SharePoint 2010 Foundation Content Editor: Insert Options


SharePoint 2010 Foundation : Text Editing Options


It wasn’t until someone pointed out a glaring spelling error in the copy we’d been writing for the Knowledge Base that we realized that, most strangely, there wasn’t any form of spell checker in the content editor. At first we thought we’d simply mislaid it somewhere in the ribbon but after looking high and low for it and checking several blogs, we realized that it in fact doesn’t exist in Foundation. Microsoft skirt round the issue by declaring that spell checking exists in Standard and Enterprise, thereby carefully not saying that it doesn’t exist in Foundation.

This seems to us very strange and a significant drawback to Foundation (which is almost certain to be the de facto hosted version). After all, blog platforms and software like Blogger - on which ChromaScope is hosted - have incorporated spell checkers for some time now.

Blogger's Editing Options (Spell Check is the last icon on the right)

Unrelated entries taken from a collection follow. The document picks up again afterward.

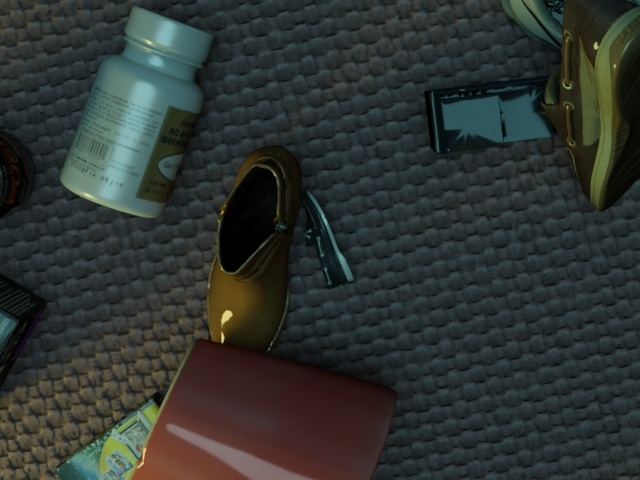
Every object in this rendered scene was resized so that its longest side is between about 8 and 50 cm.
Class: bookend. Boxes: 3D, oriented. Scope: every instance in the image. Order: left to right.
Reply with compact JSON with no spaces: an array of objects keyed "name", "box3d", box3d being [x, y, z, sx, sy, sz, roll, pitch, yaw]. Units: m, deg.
[{"name":"bookend","box3d":[0.203,-0.147,1.541,0.156,0.157,0.072,-7,97,4]}]

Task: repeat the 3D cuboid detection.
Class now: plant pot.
[{"name":"plant pot","box3d":[-0.076,0.250,1.542,0.243,0.275,0.275,25,97,-1]}]

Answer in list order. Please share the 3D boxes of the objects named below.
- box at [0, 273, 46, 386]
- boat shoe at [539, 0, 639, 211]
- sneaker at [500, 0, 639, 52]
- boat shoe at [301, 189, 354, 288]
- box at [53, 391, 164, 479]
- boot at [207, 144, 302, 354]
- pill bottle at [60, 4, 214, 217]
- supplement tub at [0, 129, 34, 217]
[{"name":"box","box3d":[-0.499,0.085,1.609,0.270,0.143,0.165,30,97,0]},{"name":"boat shoe","box3d":[0.312,-0.159,1.483,0.123,0.342,0.123,-44,63,-11]},{"name":"sneaker","box3d":[0.364,-0.224,1.532,0.331,0.146,0.122,25,96,-2]},{"name":"boat shoe","box3d":[0.000,0.000,1.625,0.038,0.046,0.125,-25,103,1]},{"name":"box","box3d":[-0.201,0.331,1.672,0.159,0.044,0.233,-36,94,6]},{"name":"boot","box3d":[-0.079,0.029,1.543,0.109,0.220,0.283,18,97,0]},{"name":"pill bottle","box3d":[-0.211,-0.153,1.573,0.131,0.131,0.229,21,97,0]},{"name":"supplement tub","box3d":[-0.415,-0.073,1.563,0.117,0.190,0.117,0,97,3]}]
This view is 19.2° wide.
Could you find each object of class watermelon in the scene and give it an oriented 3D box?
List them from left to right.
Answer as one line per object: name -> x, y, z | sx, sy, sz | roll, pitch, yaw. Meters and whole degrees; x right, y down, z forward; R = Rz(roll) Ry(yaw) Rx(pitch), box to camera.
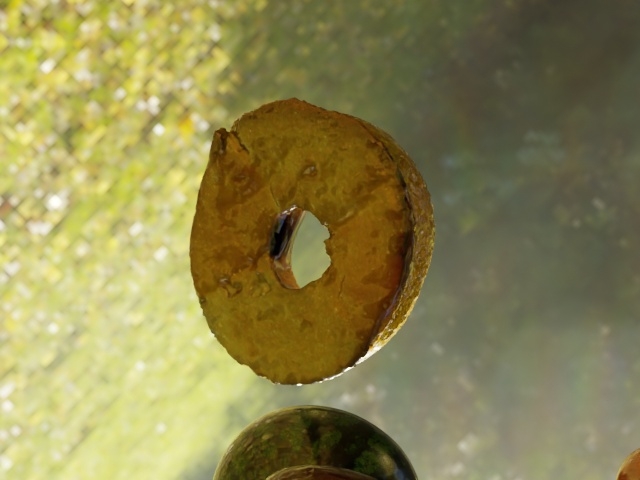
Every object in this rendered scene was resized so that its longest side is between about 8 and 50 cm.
watermelon -> -0.004, 0.330, 2.253 | 0.269, 0.269, 0.269 | -45, 170, -10

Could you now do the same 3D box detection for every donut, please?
donut -> -0.001, 0.000, 1.259 | 0.074, 0.174, 0.190 | -11, 109, -59

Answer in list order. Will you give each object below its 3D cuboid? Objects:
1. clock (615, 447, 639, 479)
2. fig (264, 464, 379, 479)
clock -> 0.338, 0.246, 1.587 | 0.051, 0.205, 0.205 | -49, 172, -24
fig -> 0.043, 0.320, 2.001 | 0.290, 0.191, 0.190 | -6, 147, -32
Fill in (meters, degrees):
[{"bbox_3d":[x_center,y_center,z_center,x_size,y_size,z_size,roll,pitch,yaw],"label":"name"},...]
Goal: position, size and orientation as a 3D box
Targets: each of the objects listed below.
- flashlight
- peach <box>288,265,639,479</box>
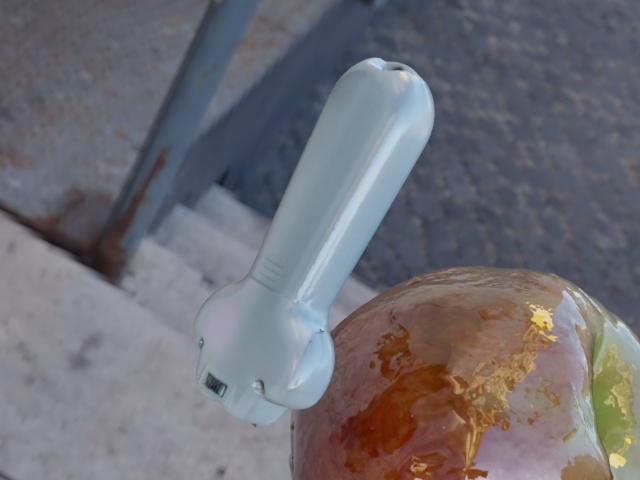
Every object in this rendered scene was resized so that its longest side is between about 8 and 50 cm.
[{"bbox_3d":[0.000,0.000,0.958,0.047,0.200,0.093,24,4,-43],"label":"flashlight"},{"bbox_3d":[0.079,0.128,1.127,0.232,0.256,0.232,28,52,-43],"label":"peach"}]
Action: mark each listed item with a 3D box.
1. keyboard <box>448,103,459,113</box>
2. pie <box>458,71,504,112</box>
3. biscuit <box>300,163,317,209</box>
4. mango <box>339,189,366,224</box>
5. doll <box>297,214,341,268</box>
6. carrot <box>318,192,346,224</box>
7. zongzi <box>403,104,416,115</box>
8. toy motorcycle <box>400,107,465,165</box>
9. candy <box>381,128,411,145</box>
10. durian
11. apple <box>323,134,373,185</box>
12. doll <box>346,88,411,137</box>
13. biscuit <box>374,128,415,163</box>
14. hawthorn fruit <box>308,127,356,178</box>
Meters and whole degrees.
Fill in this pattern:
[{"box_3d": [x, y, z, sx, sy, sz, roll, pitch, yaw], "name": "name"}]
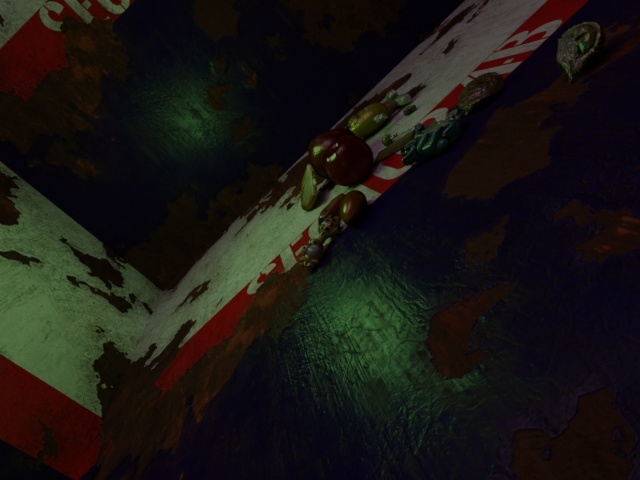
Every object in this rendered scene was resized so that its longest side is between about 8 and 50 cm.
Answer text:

Intrigued, we decided to do a quick comparison of functionality between the HTML editors in Blogger and SharePoint 2010.

Feature

Blogger

SharePoint 2010
Foundation

Cut/Copy/Paste

Yes

Yes

Font
Styles

Yes
(7 available)

Yes  (13 available)

Font
Color

Yes
(limited range)

Yes
(extensive range)

Strike-through/SuperScript/Subscript

Strike-through
only

Yes

Highlight
Text

Yes

Yes

Paragraph
Formatting (e.g. justification)

Yes

Yes

Style
Gallery (e.g. Byline)

Quote
only

Yes
(7 available)

MarkUp Style Gallery (e.g. Heading1)

Title
and Body only (from blog content editor).

Yes
(14 available)

Text
Layout (e.g. columns)

Yes
but through Page Design rather than content editor.

Yes

Insert
Picture/Image

Yes

Yes

Insert
Video

Yes

Yes
(but not as obvious how to do this)

Insert
Link

Yes

Yes

Insert
Jump Break

Yes

No

Insert
Table

No

Yes

Select
Elements based on HTML tag

No

Yes

CheckIn/CheckOut

No
(but the publish function enables users to decide when pages become publically available.)

Yes

Tagging

Yes

No

Edit
HTML Source

Yes

Yes

Page
Templating

Yes

Yes
but by using SharePoint Designer

Language
Support

Yes
including non-latin

Extensive
including non-latin

Spell Checking

Yes

No

While overall, SharePoint 2010 Foundation has a very rich content editor, some of the features and the rather technical HTML element orientation may make it difficult for the general user or, more likely, simply languish unused. Blogger, on the other hand, with the exception of the option of easily adding a table, has all the features the general user/content creator would need to compose content AND a spell checker! Hopefully Microsoft take note of the feedback that we, and we are sure everyone else, will give them and make the text editor in SharePoint 2010 Foundation more like an easy-to-use content editor and less like an HTML editor for web designers.